My arms are chilly under my sweater sleeves. I’m clenching my mojito so tightly my fingers are cramping. I smile at Manuela. “My bartender’s a killer. Should I be concerned?”
She shakes her head, not taking the joke. “No, no. I didn’t stay a murderer. Now that I knew the wishes worked, I figured I could wish him back alive. So I did. As soon as they put him on the stretcher, he opened his eyes. He looked at me for just a second, but it was… demonic. I just knew he’d been to Hell and was bringing a piece of it back here.
“I panicked then. There was only one person I thought could help, short of an exorcist. I thought Please come fix this, and the bracelet lady came around the corner. She shook her head at me, saying, ‘I had to delay my flight to Wichita for this.’ Right after she said that, they announced the delay.”
“Hold on,” I say. “The witch was going to Wichita?”
“I never called her a witch,” Manuela says. “Anyway, she touched the man’s shoulder, and he blinked his eyes and started crying. He hugged his wife and blubbered how sorry he was. Before I could thank the lady, she was gone. I had one red bead left, and I knew it would burn a scar on my wrist until I used it. So I spent it on my tattoo. It’s a good one, right?” She turns around and lifts up her shirt again.
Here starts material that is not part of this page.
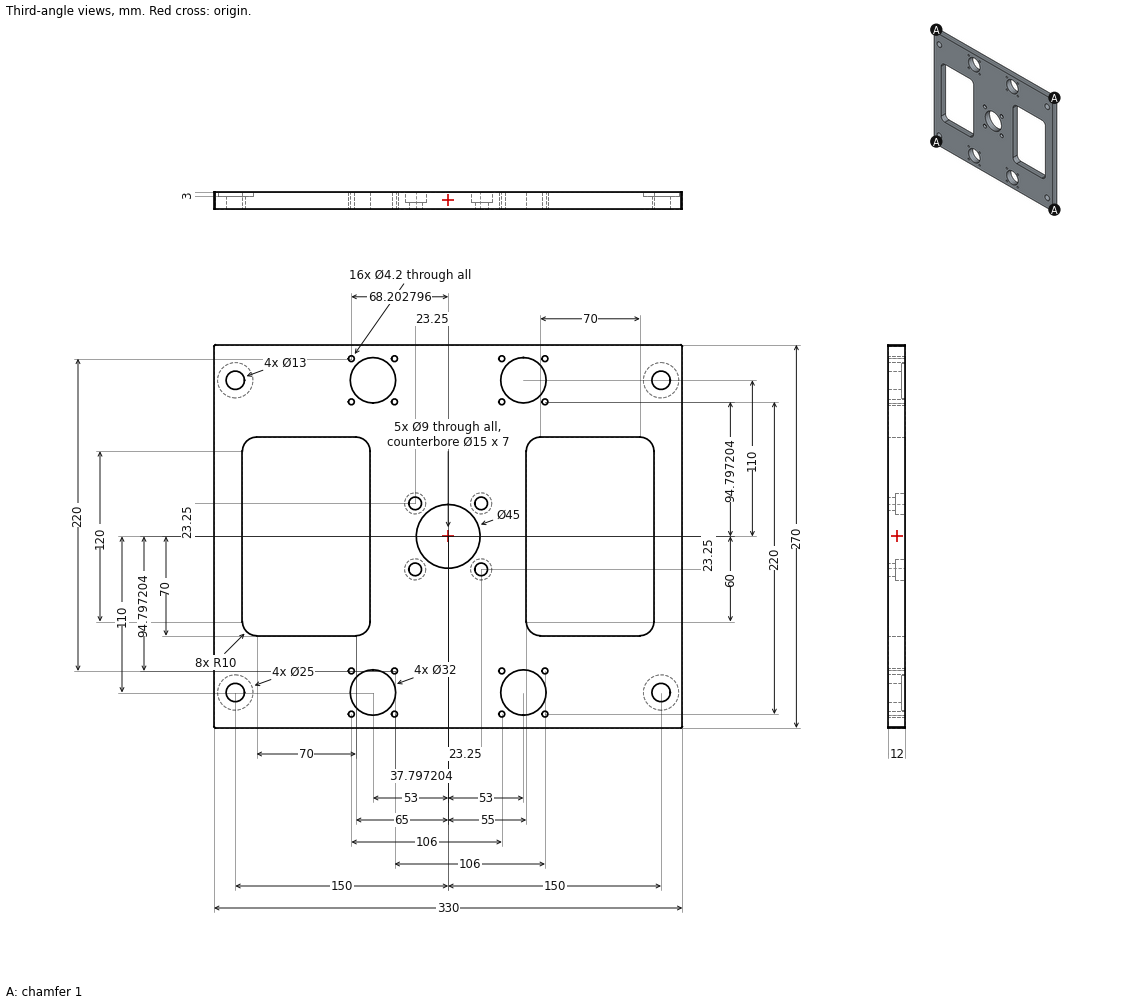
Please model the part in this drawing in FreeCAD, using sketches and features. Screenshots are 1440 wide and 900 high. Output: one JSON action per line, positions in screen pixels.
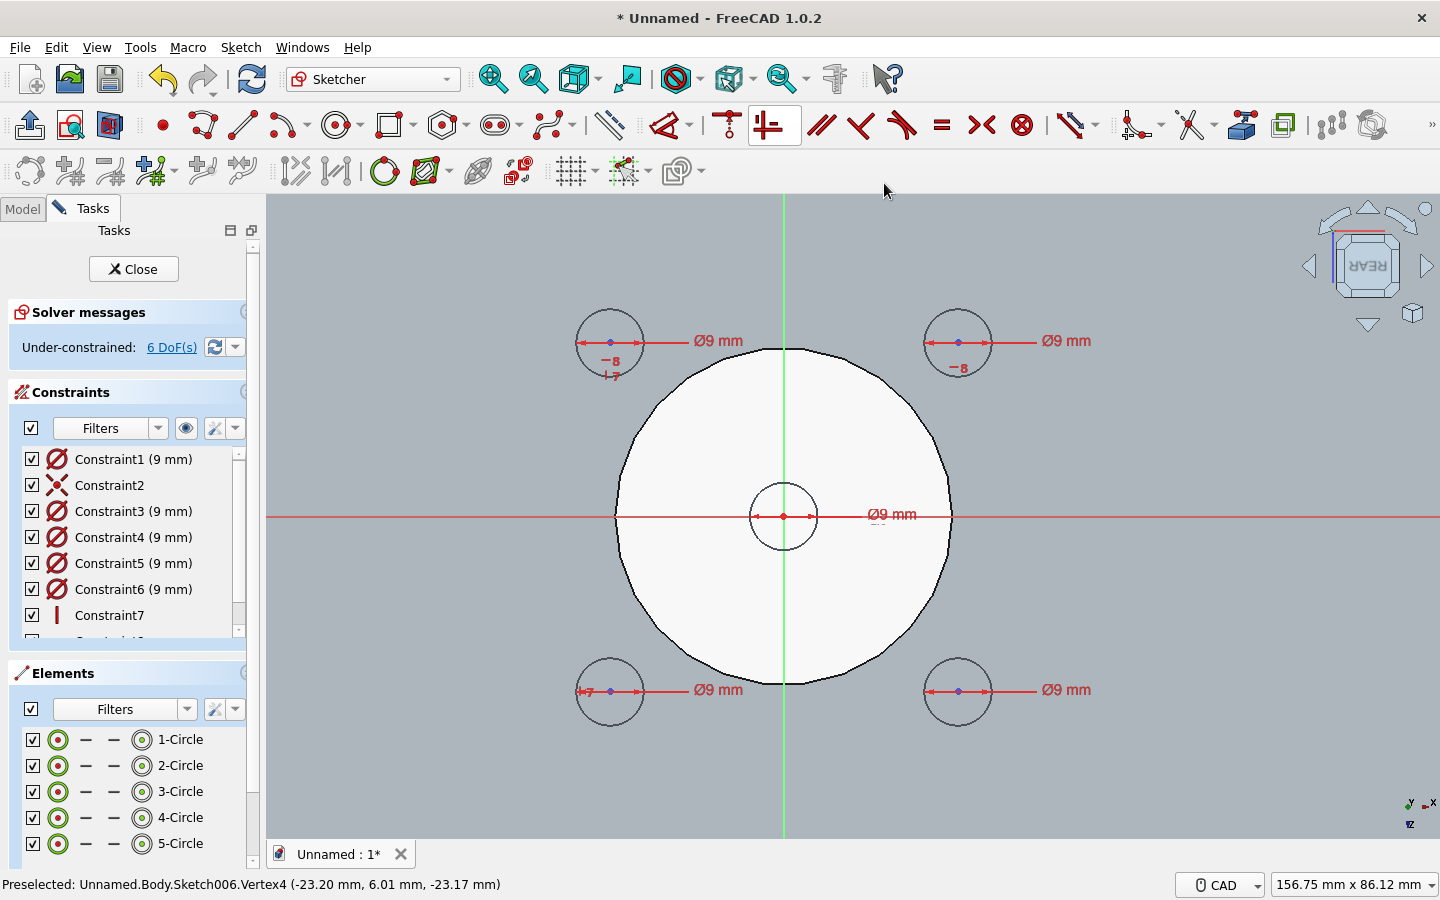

I allow myself to look a little longer this time. The creature’s fur and scales stand out with hyper-realistic detail against Manuela’s toned back. There’s a vibrancy to this chimera that only a top tattoo artist, or magic, could achieve.
“Extraordinary,” I say.
The intercom announces that flight 1377 is about to begin boarding. I pay my bill and deposit a twenty in the tips jar. I suspect Manuela will appreciate the twenty, even if she finds $13 million distasteful.
“Thanks for some killer mojitos, and the best tattoo story I’ve ever heard.”
“It’s not just a story.” Manuela holds up her wrist, which is adorned by four transparent beads on a leather thong. “See?”
I play along. “Still, though. Why did you spend your last wish on a tattoo?”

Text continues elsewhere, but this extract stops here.